Soy ancho, cómodo, y, no obstante la gravedad de mi armazón, tiemblo
ágilmente, con sacudidas ligerísimas, sobre mi rodaje de cuatro ejes. No
todos los coches de mi rango podrían jactarse de otro tanto. Existe
entre nosotros una aristocracia que, sin vacilaciones, acusaré de
advenediza: figuran en ella los vagones más jóvenes que yo, fabricados
con tablas secadas imperfectamente. Yo les llamo vagones “de bazar”. Su
aspecto es bueno, pero carecen de resistencia: pronto sus miembros se
resienten del trabajo; crujen, gimen, sus puertas no cierran bien, sus
ventanillas cesan de ajustar, sus muelles fatigados se desmoralizan...
Además, por haber sido construídos de prisa y sin amor, les faltan
ciertos detalles complementarios indispensables a su ornamentación y a
la perfecta comodidad de los viajeros; y la verdadera distinción está en
“el detalle”...
Las unidades de “primera clase” se dividen en dos categorías: yo
pertenezco a la mejor, a la de más rancia y pura aristocracia, y las
letras A A. que exornan mis portezuelas pregonan mi alcurnia. El
“cuarto-tocador” ocupa uno de mis extremos, y en el centro--lugar el
menos trepidante--llevo un “departamento-cama”. Mi interior, dividido en
seis compartimientos, es bello y blando, acariciador, confortador, lleno
de previsiones; femenino, en suma: los asientos, que fácilmente pueden
ancharse y convertirse en lechos; los almohadones mullidos; la
curvatura, propicia al descanso, de los respaldos; las abrazaderas,
sobre las que el viajero podrá descansar un brazo; los ceniceros; la
mesita que adorna la entreventana; las cortinas, que modifican la luz
solar; los tubos de la calefacción; los timbres de alarma; los espejos
biselados; los anuncios polícromos y las fotografías de lugares
célebres, que exornan mi tránsito; el silencio y precisión con que las
puertas se cierran y ajustan a sus marcos...; todo, en fin, descubre en
mí un alma “de hogar”. En invierno, especialmente y de noche, cuando el
frío escarcha los cristales y la máquina me envía a raudales generosos
su calor, y todos mis inquilinos duermen, y las manos de los enamorados
se buscan enceladas y febriles bajo las mantas, entonces mis
compartimientos parecen alcobas sobre cuya tonalidad gris mis linternas,
medio cerradas, semejantes a párpados indolentes, vertiesen una casi
imperceptible llovizna de luz. ¡Bello y rotundo contraste!... Fuera de
mí, el movimiento, la lucha, el peligro, la obscuridad, el fragor
tronitronante de los puentes, el estrépito ensordecedor de los túneles,
la lluvia, el granizo, la nieve, los vientos helados, la interminable
conquista de la tierra; y, dentro, la paz, el reposo, el bienestar de
las actitudes cómodas, el aire tibio, “la alegría de llegar”, con que
cada alma viajera se echó a dormir. ¡Ah!... Cuando me autoinspecciono y
me escucho vivir así, con esta doble vida tan plena, tan útil, pienso
que yo, todo “mi yo”, acogedor y bueno, es un corazón.
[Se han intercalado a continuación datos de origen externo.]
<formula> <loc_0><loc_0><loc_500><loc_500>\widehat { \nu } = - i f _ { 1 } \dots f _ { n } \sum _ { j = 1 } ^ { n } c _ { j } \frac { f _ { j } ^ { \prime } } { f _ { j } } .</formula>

No sabría determinar exactamente en qué momento mi personalidad comenzó,
pues mi conciencia surgió, como en los niños, por grados insensibles.
Con arreglo a un modelo, de los mejores, empezaron a construirme, pero
sin ensamblar mis miembros, porque la vía francesa es veinte centímetros
más angosta que la española, y mis constructores necesitaban
transportarme a la Península, que era donde yo debía servir. Este es el
período que podemos denominar fetal. Ya completamente terminado, pero
inconexo, desarticulado y amorfo, traspuse la frontera sobre dos
“trucks”, y llegué a Irún. Allí organizaron mis piezas, las unieron, las
empalmaron y trabaron solidísimamente unas a otras, me encolaron, me
enclavijaron, me barnizaron, me vistieron; allí mi figura adquirió la
silueta, el equilibrio de perfiles, que habían de constituir mi
personalidad. Soy, de consiguiente, español, puesto que “nací” en
España, pero de origen francés.
Cuando, lentamente, con la suavidad de un lento despertar, fuí
comprendiéndome separado de los cuerpos que me rodeaban y distinto a
ellos; cuando la idea milagrosa del “Yo” me iluminó, semejante a una
antorcha, y pude decir “soy... existo...” ya me hallaba montado sobre
los recios mecanismos de ejes, ruedas, cojinetes y frenos, con que había
de caminar después, y las entrañas capitales de mi forzudo corpachón,
así como la techumbre y las ventanas, hallábanse acopladas y concluídas.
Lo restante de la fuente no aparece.